:: RECORD EXTRACTS

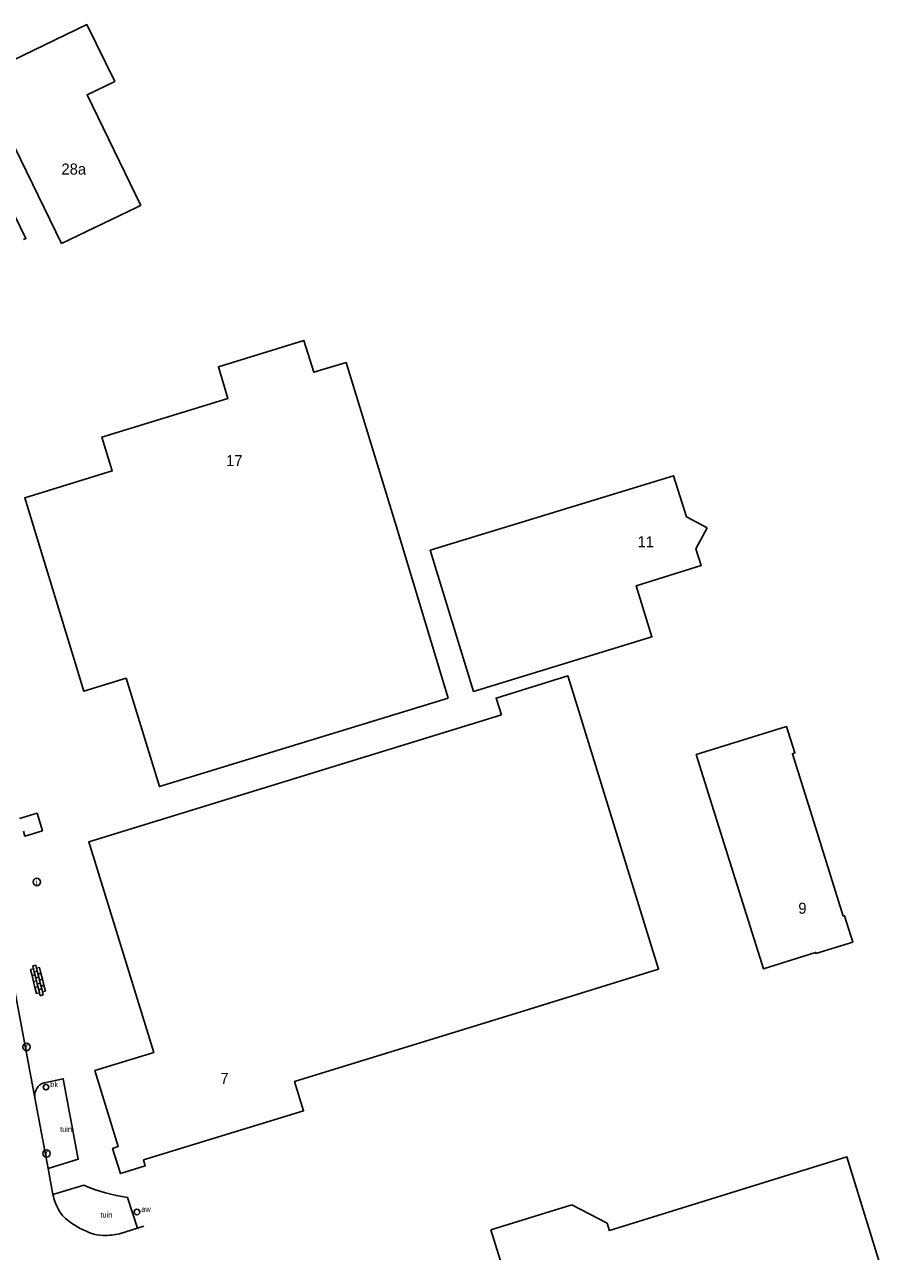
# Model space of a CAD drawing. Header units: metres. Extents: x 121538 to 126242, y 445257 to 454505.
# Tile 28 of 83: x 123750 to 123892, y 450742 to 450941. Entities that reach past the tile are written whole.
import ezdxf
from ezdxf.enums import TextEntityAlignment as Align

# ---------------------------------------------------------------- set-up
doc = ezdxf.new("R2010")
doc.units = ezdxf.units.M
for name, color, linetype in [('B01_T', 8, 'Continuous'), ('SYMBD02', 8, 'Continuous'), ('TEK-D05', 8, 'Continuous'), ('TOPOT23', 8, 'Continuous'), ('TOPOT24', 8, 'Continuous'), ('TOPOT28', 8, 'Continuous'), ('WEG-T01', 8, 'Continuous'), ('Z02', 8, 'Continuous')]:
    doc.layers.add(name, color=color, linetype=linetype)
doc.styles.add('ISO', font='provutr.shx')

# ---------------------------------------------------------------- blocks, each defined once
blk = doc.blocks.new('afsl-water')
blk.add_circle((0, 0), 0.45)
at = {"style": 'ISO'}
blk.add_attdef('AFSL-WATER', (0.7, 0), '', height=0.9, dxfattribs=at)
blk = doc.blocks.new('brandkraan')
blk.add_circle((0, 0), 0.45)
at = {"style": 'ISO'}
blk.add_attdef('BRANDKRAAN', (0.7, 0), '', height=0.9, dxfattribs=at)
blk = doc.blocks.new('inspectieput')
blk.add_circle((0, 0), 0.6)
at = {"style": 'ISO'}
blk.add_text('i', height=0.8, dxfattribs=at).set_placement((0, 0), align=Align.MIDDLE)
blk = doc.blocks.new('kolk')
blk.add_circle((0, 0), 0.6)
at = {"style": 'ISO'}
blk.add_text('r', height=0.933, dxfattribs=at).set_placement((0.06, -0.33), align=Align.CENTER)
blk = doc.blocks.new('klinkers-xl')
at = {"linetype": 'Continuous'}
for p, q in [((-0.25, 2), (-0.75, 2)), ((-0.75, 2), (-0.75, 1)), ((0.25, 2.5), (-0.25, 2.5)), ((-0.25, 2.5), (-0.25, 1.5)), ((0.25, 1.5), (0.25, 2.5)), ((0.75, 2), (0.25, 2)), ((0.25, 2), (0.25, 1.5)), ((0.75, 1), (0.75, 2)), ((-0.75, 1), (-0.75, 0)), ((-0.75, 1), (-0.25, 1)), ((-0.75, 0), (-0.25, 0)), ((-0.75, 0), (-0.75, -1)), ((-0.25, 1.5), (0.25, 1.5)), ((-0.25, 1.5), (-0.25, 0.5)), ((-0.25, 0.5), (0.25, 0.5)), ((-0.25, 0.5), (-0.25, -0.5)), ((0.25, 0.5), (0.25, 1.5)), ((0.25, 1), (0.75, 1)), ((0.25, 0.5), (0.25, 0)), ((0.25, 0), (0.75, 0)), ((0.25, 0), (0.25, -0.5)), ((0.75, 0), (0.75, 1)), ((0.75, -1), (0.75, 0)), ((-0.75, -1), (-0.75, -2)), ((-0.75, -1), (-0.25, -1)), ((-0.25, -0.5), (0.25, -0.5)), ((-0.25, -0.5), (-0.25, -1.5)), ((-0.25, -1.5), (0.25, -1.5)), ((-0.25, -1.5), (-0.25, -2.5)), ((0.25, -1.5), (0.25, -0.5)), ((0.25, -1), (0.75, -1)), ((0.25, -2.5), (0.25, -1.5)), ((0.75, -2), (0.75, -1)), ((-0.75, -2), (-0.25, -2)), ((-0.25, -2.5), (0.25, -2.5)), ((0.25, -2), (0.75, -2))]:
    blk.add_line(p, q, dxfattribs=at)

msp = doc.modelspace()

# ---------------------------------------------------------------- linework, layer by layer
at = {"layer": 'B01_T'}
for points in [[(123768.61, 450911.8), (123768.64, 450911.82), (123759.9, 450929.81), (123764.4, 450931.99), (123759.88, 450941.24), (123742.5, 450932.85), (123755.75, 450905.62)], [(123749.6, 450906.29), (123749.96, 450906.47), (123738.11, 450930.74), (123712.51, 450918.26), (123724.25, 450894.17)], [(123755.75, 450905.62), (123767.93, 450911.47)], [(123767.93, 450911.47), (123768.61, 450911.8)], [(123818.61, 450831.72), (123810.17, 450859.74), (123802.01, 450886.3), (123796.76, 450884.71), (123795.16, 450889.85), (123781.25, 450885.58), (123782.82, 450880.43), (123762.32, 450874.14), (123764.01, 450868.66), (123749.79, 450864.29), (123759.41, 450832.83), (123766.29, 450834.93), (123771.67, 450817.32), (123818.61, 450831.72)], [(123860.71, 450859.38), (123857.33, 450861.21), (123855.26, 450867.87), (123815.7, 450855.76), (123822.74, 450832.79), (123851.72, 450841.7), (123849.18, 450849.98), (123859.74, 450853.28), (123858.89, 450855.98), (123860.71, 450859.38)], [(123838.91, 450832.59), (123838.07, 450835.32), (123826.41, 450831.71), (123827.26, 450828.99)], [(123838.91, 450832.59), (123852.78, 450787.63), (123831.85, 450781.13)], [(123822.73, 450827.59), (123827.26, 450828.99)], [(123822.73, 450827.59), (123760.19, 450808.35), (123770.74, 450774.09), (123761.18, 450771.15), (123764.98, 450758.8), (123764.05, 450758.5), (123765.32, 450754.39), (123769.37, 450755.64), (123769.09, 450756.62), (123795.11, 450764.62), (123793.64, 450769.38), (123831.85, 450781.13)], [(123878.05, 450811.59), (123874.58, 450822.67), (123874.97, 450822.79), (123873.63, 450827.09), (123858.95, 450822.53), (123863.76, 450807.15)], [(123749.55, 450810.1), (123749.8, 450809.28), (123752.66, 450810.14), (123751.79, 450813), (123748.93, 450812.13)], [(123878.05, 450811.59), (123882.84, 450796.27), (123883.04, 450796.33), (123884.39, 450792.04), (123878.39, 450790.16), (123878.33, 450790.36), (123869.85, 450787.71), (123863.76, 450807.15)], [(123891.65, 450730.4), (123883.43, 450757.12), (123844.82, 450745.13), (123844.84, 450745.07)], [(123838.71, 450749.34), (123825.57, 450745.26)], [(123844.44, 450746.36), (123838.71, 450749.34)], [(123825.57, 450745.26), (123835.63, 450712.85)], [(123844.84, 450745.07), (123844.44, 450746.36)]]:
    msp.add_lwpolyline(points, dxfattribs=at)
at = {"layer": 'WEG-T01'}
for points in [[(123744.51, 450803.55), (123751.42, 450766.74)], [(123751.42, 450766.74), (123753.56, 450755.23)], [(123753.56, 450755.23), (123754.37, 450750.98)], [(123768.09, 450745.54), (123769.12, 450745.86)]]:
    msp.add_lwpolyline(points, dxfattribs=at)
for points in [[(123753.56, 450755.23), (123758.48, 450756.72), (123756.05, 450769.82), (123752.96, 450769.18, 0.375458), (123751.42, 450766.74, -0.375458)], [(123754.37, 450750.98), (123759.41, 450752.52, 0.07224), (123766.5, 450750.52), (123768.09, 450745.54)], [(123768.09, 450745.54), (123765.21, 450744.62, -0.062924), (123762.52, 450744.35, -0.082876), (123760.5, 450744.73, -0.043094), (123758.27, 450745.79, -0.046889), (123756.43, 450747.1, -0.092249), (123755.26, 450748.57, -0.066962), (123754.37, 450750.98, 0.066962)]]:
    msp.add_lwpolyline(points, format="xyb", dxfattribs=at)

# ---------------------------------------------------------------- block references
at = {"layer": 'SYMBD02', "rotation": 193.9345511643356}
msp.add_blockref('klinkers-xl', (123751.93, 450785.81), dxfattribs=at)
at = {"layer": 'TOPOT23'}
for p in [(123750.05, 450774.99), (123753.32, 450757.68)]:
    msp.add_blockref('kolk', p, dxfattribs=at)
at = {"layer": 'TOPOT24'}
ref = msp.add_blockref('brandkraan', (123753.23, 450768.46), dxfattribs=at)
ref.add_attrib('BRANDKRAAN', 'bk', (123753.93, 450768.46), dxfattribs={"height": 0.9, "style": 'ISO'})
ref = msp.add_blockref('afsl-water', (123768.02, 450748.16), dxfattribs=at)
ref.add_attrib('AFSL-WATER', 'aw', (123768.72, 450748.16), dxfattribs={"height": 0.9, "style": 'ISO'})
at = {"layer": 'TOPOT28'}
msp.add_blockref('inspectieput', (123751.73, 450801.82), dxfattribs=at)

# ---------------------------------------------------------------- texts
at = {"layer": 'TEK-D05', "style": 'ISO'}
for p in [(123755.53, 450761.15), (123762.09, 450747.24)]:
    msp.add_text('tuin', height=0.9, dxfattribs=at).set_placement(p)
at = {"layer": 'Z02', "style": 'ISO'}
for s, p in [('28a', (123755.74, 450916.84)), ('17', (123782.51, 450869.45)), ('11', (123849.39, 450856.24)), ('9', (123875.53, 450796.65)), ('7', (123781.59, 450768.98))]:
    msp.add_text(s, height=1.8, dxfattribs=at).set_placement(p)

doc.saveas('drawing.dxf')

::::

[ABOUT THIS TASK] Give the number of lines in the data that include the string "color", please, and nothing else.

[ANSWER BOX] 2